There have been lots of reports that the “shock and awe” component of the Rumsfeld-Cheney invasion of Iraq last year was directed primarily not at the Iraqi people–who were merely to be pawns in this nasty game–but towards China.
Was it in “Plan of Attack” that I read some evidence of that? Or was it someplace else?
Well, it could make sense as an explanatory theory… Perhaps… Except that if the idea of launching that particular war, in that particular way (using lean, mobile forces… the kind that can be fairly easily deployed over large distances… Ooops!
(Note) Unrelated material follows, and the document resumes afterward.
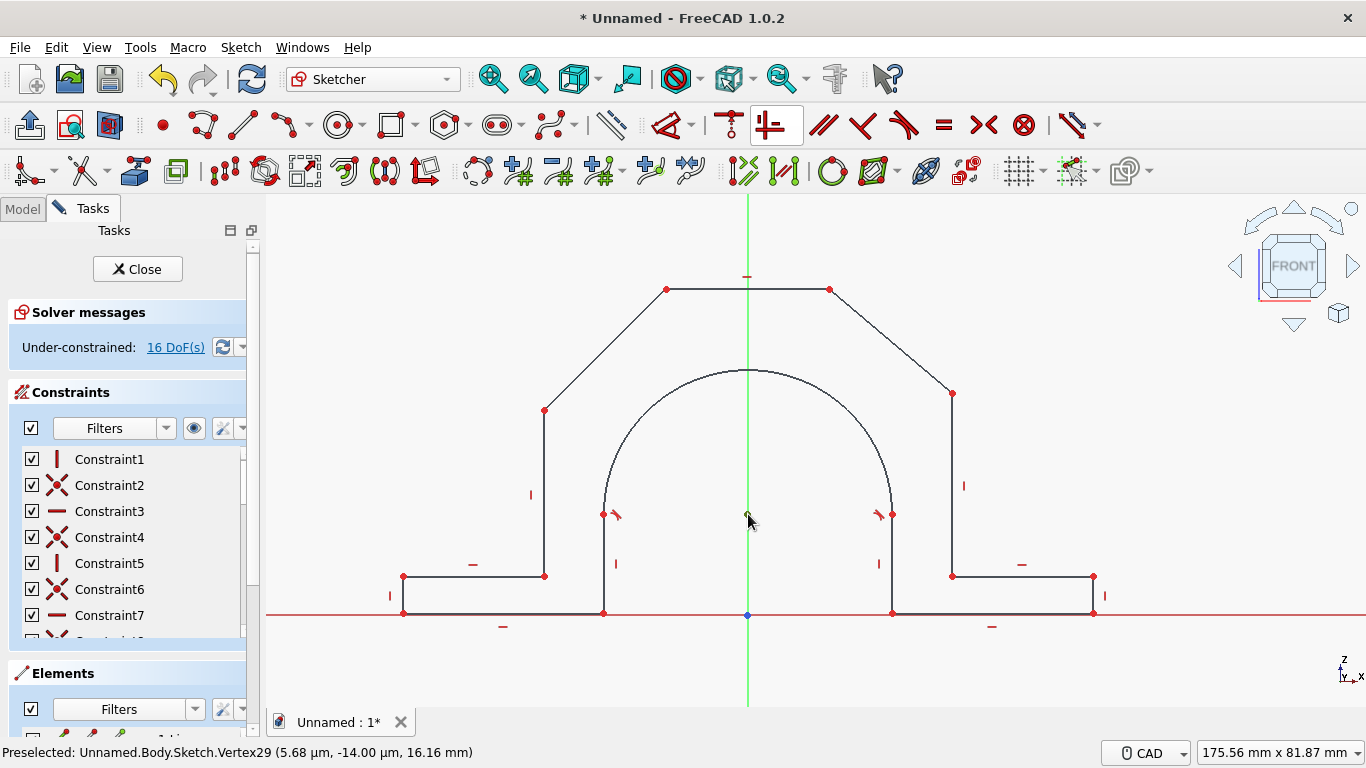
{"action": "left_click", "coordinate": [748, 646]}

But they ain’t much good at running an occupation!) … If it was indeed Bombs-Away Don’s brilliant idea that doing that would scare the Chinese shitless, then… he scored one heck of a large-scale own goal, didn’t he?
How shocked and awed do YOU think the Chinese are by his little display of power (and its less than glorious outcome)?
In the International Herald Tribune today, Jane Perlez writes:

    it is hard not to notice the legacy of America’s shrinking influence in Asia over the last four years.
    A profound rearrangement is under way, with China and its expanding economy leading the charge, and in some instances, it’s to the exclusion of the United States…
    At the same time, the central banks of China and Japan are holding $1.3 trillion of U.S. government debt, a position that gives Asia quite a bit of leverage, economists say.

She then asks, quite sensibly,

    Is anybody in terror-obsessed Washington paying attention?

She quotes one senior Asian diplomat as saying that since the mid-1990s, China’s diplomacy has been “consistent, subtle and creative.” During the same period, he said, the “U.S. has been out to lunch.”